Jasmine plants are characterized by small white or yellow flowers; many varieties are intensely fragrant. Jasmines flower in the spring or summer in mild climates. They will grow without pruning but produce more blooms if cut back regularly. Pruning also keeps them from forming dense masses that block air and sunlight.
Prune after the flowers have faded in the spring. Jasmines flower on the previous year’s growth; that includes the shoots that form after flowering. Pinch back their tips to encourage lateral growth and get more buds.
Cut back any vertical shoots in ground covers; this encourages horizontal growth for greater spread. Cut vines before they grow too heavy for their supports; remove 1/3 of vine stems at the base or cut all vines back 1/3 for optimal growth. Use the same 1/3 rule of thumb for jasmine shrubs.
Cut back to live growth when pruning dead wood–insects feed on dead wood. Cut just above a growing bud and angle downward, away from the top of the bud.

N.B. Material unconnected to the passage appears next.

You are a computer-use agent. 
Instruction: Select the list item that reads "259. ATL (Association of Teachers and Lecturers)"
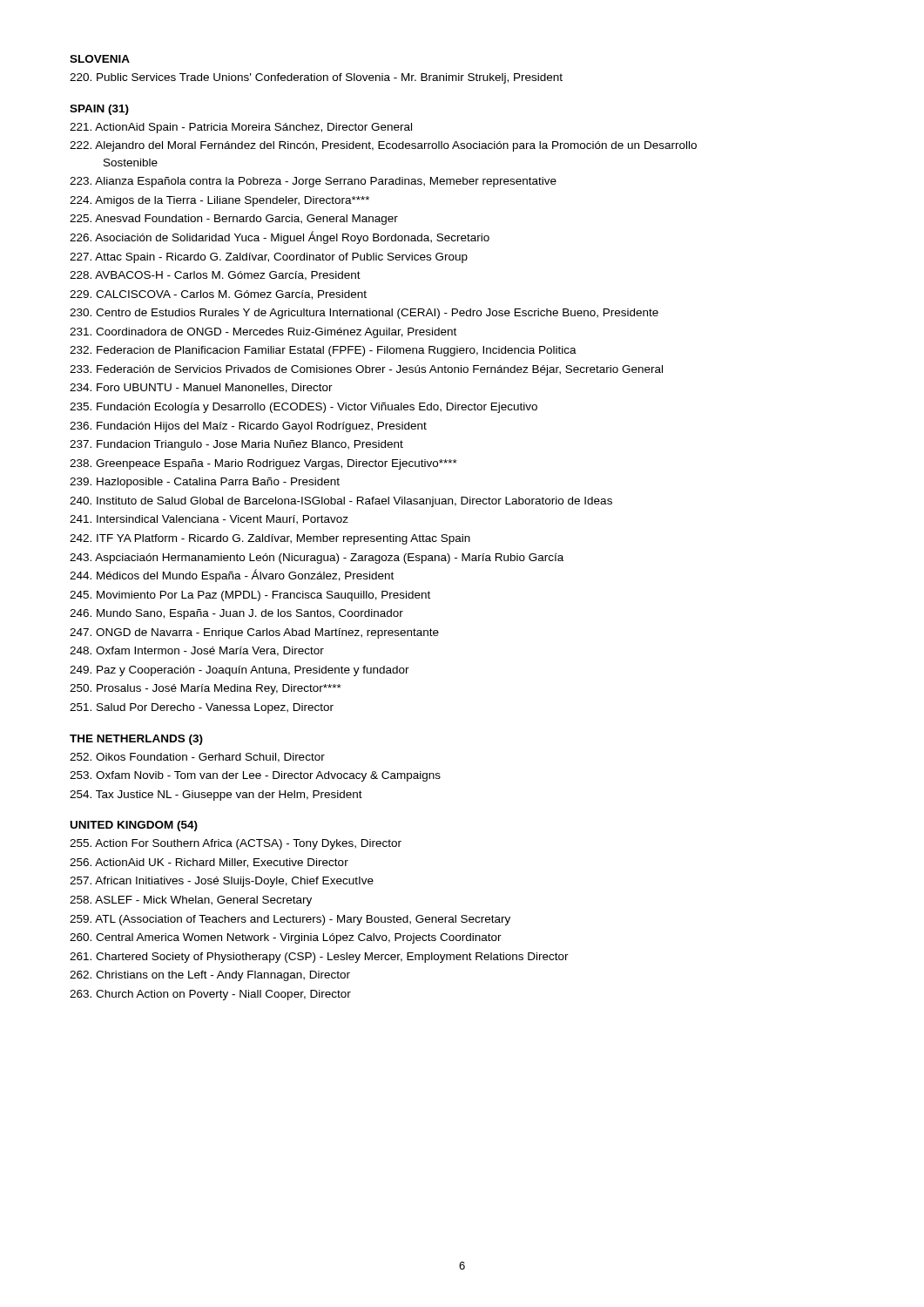click(x=290, y=918)

Leave container-grown vines unpruned for their first year to get them established, but cut the primary stems back to encourage lateral branching.

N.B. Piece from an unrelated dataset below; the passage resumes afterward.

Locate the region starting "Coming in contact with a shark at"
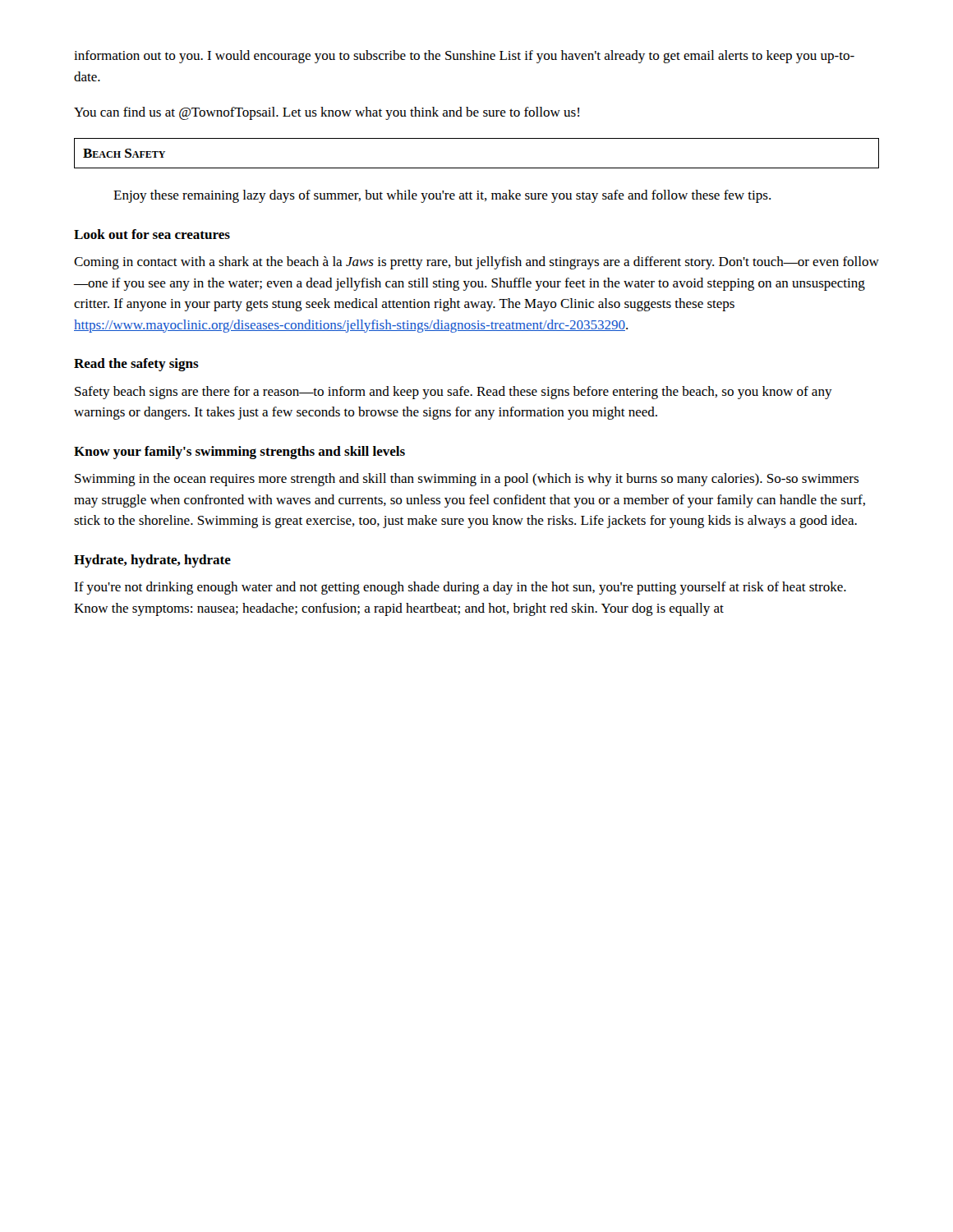Image resolution: width=953 pixels, height=1232 pixels. [476, 293]

Cut back bare-root plants no more than 1/4 before they are planted. This gives the new jasmine vine balance between below- and above-ground growth. Trim off damaged or dead stems or roots before planting.
Prune on a bright day with no rain.
Use sharp shears or a pruner to make clean cuts. Don’t leave stubs, which invite insects.
Sealer paints are not recommended. They can seal in insects or disease and cause more damage.